The wellhead is decorated in bas-relief, with ten figures of deities and heroes. At the front two small processions meet: on the left is Apollo with his lyre (Augustus's patron deity) who leads Artemis (trailing her stag) and another female figure, probably their mother Leto. Behind Leto, from left to right, is Hermes/Mercury (in winged sandals) leading three dancing women or nymphs. On the right is Athena/Minerva (another patron of Augustus, her arm extended to hold her helmet) leading Herakles/Hercules (with his club on his shoulder and a quiver beneath his arm, patron of Augustus's defeated enemy Mark Antony) and a veiled woman (Hera, Aphrodite or Heracles's bride Hebe). The figures were spaced wide apart, and were designed in the Neo Attic style, a Roman version of the archaic sixth century BC Greek style.

===Similar examples===
Similar examples include:
1. A relief in the collection of the Villa Albani in Rome, catalogued in the 18th century by Winckelmann
2. A semi-circular puteal from Nicopolis, now on show at the Archaeological Museum at Ioannina;
3. Another, smashed into tiny fragments, has similar archaising figures of deities.
4. A fragmentary base from Ephesus in western Turkey, itself recycled for later use and now in the collections of the Kunsthistorisches Museum, Vienna. The Ephesus puteal is decorated with some similar figures, but also others that do not appear on the Corinth Guilford Puteal; it also has a Greek inscription honouring the children of the recently deceased Agrippa, who had charge of Octavian's fleet at Actium.

==History to the 19th century==
It was used as a well-head after antiquity, either by a 19th-century Turkish owner or possibly earlier.

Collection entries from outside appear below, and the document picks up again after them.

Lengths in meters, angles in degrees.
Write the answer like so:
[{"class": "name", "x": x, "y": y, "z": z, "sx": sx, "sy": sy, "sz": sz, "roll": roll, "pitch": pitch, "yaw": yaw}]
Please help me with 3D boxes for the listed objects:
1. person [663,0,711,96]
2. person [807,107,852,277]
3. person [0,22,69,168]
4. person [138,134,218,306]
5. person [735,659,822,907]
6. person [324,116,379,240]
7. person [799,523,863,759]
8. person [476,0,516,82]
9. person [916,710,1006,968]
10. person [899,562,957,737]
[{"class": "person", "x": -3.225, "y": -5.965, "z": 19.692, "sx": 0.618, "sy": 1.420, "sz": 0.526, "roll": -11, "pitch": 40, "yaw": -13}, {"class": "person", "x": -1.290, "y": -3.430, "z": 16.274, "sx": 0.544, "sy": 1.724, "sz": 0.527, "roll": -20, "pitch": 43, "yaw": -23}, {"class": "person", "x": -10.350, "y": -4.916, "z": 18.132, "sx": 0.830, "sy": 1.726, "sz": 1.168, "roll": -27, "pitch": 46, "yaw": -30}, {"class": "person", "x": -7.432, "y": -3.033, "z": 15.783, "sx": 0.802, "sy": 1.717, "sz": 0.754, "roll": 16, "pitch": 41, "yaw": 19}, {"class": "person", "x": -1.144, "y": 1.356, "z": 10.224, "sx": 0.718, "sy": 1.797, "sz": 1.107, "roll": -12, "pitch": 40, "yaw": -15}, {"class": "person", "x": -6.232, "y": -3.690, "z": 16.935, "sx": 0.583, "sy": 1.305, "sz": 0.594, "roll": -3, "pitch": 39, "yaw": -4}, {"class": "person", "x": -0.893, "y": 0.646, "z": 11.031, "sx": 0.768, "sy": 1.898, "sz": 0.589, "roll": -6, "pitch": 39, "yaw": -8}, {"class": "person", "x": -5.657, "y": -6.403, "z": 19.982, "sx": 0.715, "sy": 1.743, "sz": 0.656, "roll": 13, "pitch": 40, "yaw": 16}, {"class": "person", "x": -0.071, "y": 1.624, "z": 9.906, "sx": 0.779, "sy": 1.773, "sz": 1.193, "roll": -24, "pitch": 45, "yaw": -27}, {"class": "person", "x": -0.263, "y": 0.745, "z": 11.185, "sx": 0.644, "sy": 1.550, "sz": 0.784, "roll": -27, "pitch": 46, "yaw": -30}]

This Turk displayed it the right way up, endangering the remains of the figures through friction of the well-rope against the marble. Its next owner was Notara, a cultured Greek official with a fine library who was a member of a distinguished family who could trace their descent back to the Byzantine Palaeologi; Notara also used it in his garden as a wellhead but inverted it in an attempt to save it from further damage. By the time it passed to him its upper moulding, much of the bead-and-reel decoration of its lower moulding, and (most likely from an act of vandalism of unknown date, perhaps related to iconoclasm) the heads of the figures moving in two processions around the drum had all already been lost.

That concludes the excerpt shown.